The TFMCC committee adopted a modified version of the rapid guideline methodologies from the World Health Organization and the Guidelines International Network-McMaster Guideline Development Checklist. Based on this, they have developed pandemic surge suggestions that incorporate peer-reviewed literature, evidence from media sources and anecdotal experiential evidence.

 

The committee outlines ten suggestions regarding staffing, load-balancing, communication and technology.
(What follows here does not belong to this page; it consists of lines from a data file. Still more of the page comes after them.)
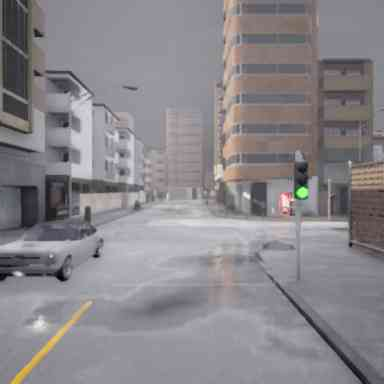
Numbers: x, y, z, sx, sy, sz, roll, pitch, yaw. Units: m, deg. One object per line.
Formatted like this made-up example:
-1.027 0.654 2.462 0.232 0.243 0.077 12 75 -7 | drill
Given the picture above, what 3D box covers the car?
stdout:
-3.999 1.581 9.882 1.895 1.301 4.718 0 0 0 | car
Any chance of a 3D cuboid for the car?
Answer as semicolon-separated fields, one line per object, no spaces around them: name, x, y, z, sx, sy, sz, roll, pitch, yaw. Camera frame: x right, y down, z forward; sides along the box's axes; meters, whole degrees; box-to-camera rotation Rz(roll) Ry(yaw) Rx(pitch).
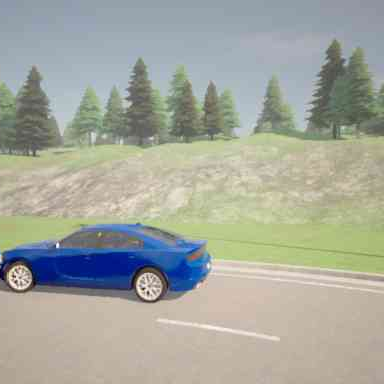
car;-2.052;1.476;7.907;5.008;1.535;1.882;0;0;13
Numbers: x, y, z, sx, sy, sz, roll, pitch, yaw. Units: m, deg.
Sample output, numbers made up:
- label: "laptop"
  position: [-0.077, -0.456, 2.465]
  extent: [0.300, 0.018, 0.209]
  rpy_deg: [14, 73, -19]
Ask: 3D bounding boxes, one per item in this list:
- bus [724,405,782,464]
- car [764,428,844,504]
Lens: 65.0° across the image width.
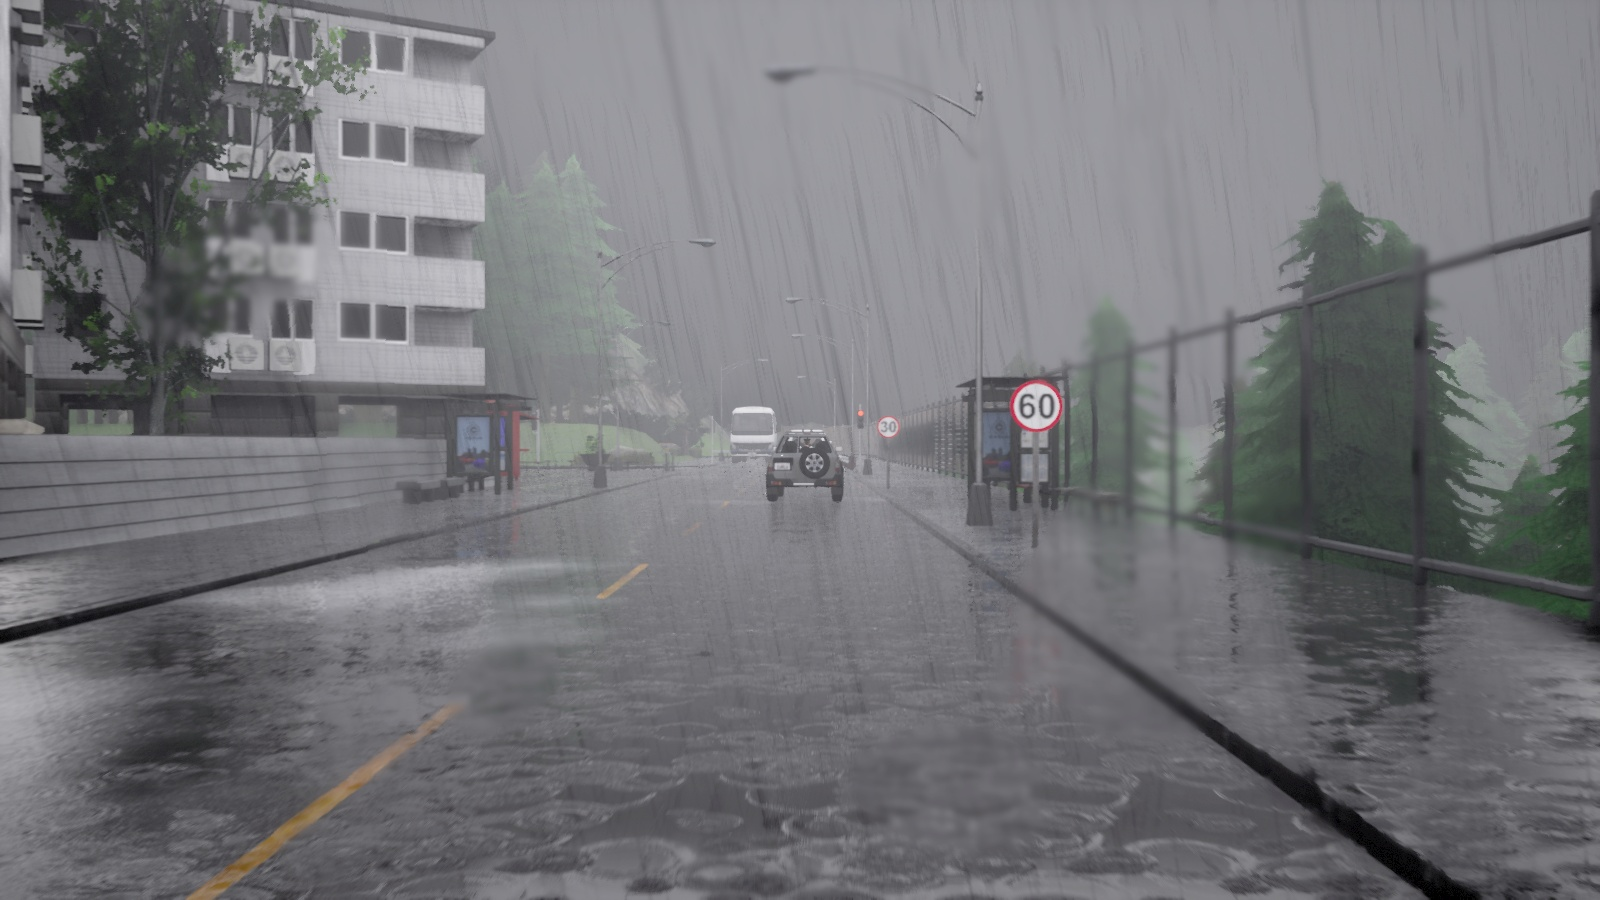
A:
- label: "bus"
  position: [-3.477, -1.175, 96.152]
  extent: [3.944, 4.253, 10.273]
  rpy_deg: [0, 0, 0]
- label: "car"
  position: [0.177, 0.378, 32.899]
  extent: [1.932, 1.855, 4.605]
  rpy_deg: [0, 0, 2]

These include:

 

  1. Using graded staff-to-patient ratios with consideration to experience level, resources and patient acuity.
  2. Limiting overtime to less than 50% above normal for healthcare workers to minimise burnout and exhaustion.
  3. Prioritising the mental health needs of healthcare workers to maintain an effective response and staffing capacity.
  4. Minimising redundant clinical documentation requirements to focus on core elements directly related to care.
  5. Actively monitoring resource strain level determined by front-line clinical leaders based on available resources and conditions.
  6. Understanding the limits of contingency care when scarce resources are modified beyond routine standards and recognising critical clinical prioritisation level when requesting resources of patient transfers.
  7. Ensuring early transfer of patients before a hospital is overwhelmed and promoting conservation of resources and less deviation from routine care standards.
  8. Utilisation of regional transfer centres for load-balancing during surges for patient transfers and placement.
  9. Ensuring active participation from clinicians actively engaged in clinical work in hospital incident command structure to improve situational awareness and ensure bidirectional communication.
  10. Applying telemedicine technology to augment critical care.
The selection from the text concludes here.